THREE FOR THE SHOW (1954)

Betty Grable, the top-grossing female star of her era, is something of a lost cause to modern audiences. (Then again, imagine trying to explain Madonna to future generations.) In this, her penultimate film and last musical, made on loan-out to Columbia from 20th/Fox, she’s been given a breathy singing voice (to sound more like Marilyn Monroe?), but is in good company on a trim little musical about a B’way star who finds herself simultaneously, if innocently, married to both halves of her writing team, Jack Lemmon & Gower Champion. (Yep, it’s another variation on ENOCH ARDEN, by way of Somerset Maugham & an earlier Jean Arthur pic.) Happily, no one presses the ‘dumb farce’ button too hard. Instead, choreographer Jack Cole conjures a neat routine for these three to barely miss each other while dashing around their shared apartment. Since the fourth co-star is Gower’s real-life wife & dancing partner, Marge Champion, there’s not a lot of suspense in how things will work out, but this let’s everyone concentrate on some unexpectedly well-staged musical numbers. In addition to some Gershwin & a few pop songs, Jack Cole goofs around with some Borodin (he’d just done the all-Borodin KISMET on B’way), Tchaikovsky, Liszt & Rossini to good effect. Helmer H. C. Potter and lenser Arthur Arling aid the theatricality with some spotlighting effects that rarely work this well on film. Grable's famous legs hold up nicely, and she looks swell if you remember to tame the color (the make-up is fierce), plus it’s always a kick to watch Lemmon sing & dance in these early credits. But the real surprise are those Champions. Always neat as a pin and efficient in their every move, here, especially in a big duo that closes the second act, they supply the missing element in their quiver: heat. And what a difference it makes! What a shame that musicals have gotten so expensive that they can’t be modest little charmers anymore.

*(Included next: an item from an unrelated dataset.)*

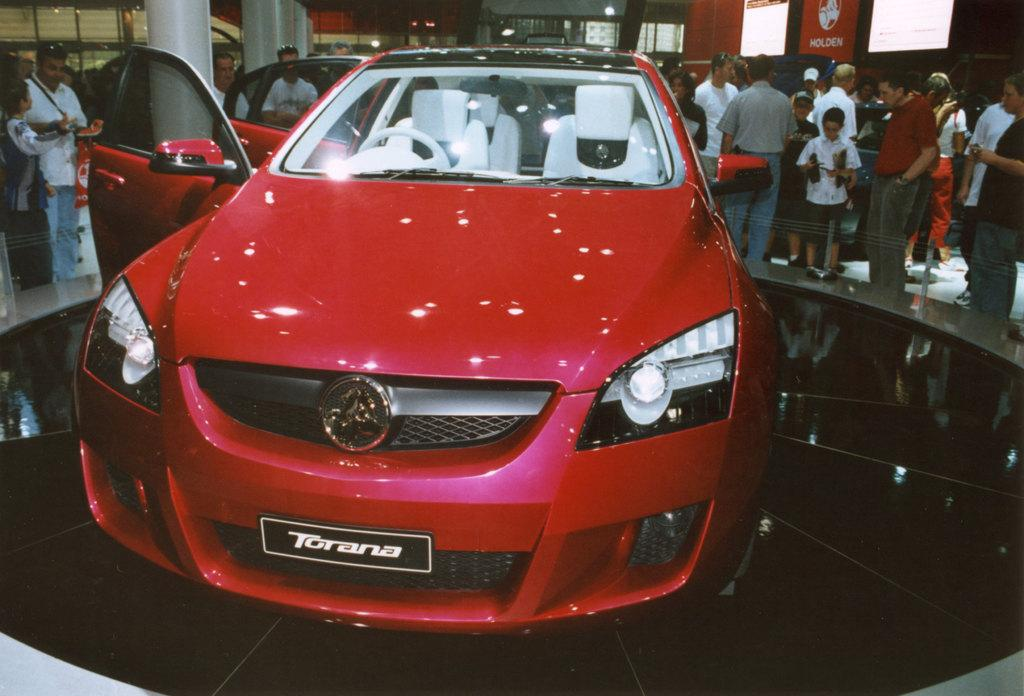What is the main subject of the image? There is a car in the image. Can you describe the car's appearance? The car is red. What is the position of the car door? The car door is open. What can be seen behind the car? There is a group of people behind the car. What are the people doing in the image? The people are standing. What type of office can be seen in the background of the image? There is no office present in the image; it features a car with an open door and a group of people standing behind it.

SCREWY THOUGHT OF THE DAY: Everybody knows that Marge Champion was filmed playing some of Snow White’s scenes as an aid to the Disney artists. But the cartoon character she actually looks like is . . . Wilma Flintstone!

DOUBLE-BILL: Blake Edward’s deliciously deranged MICKI + MAUDE/’84 where it’s the guy (Dudley Moore) who finds happiness with two wives.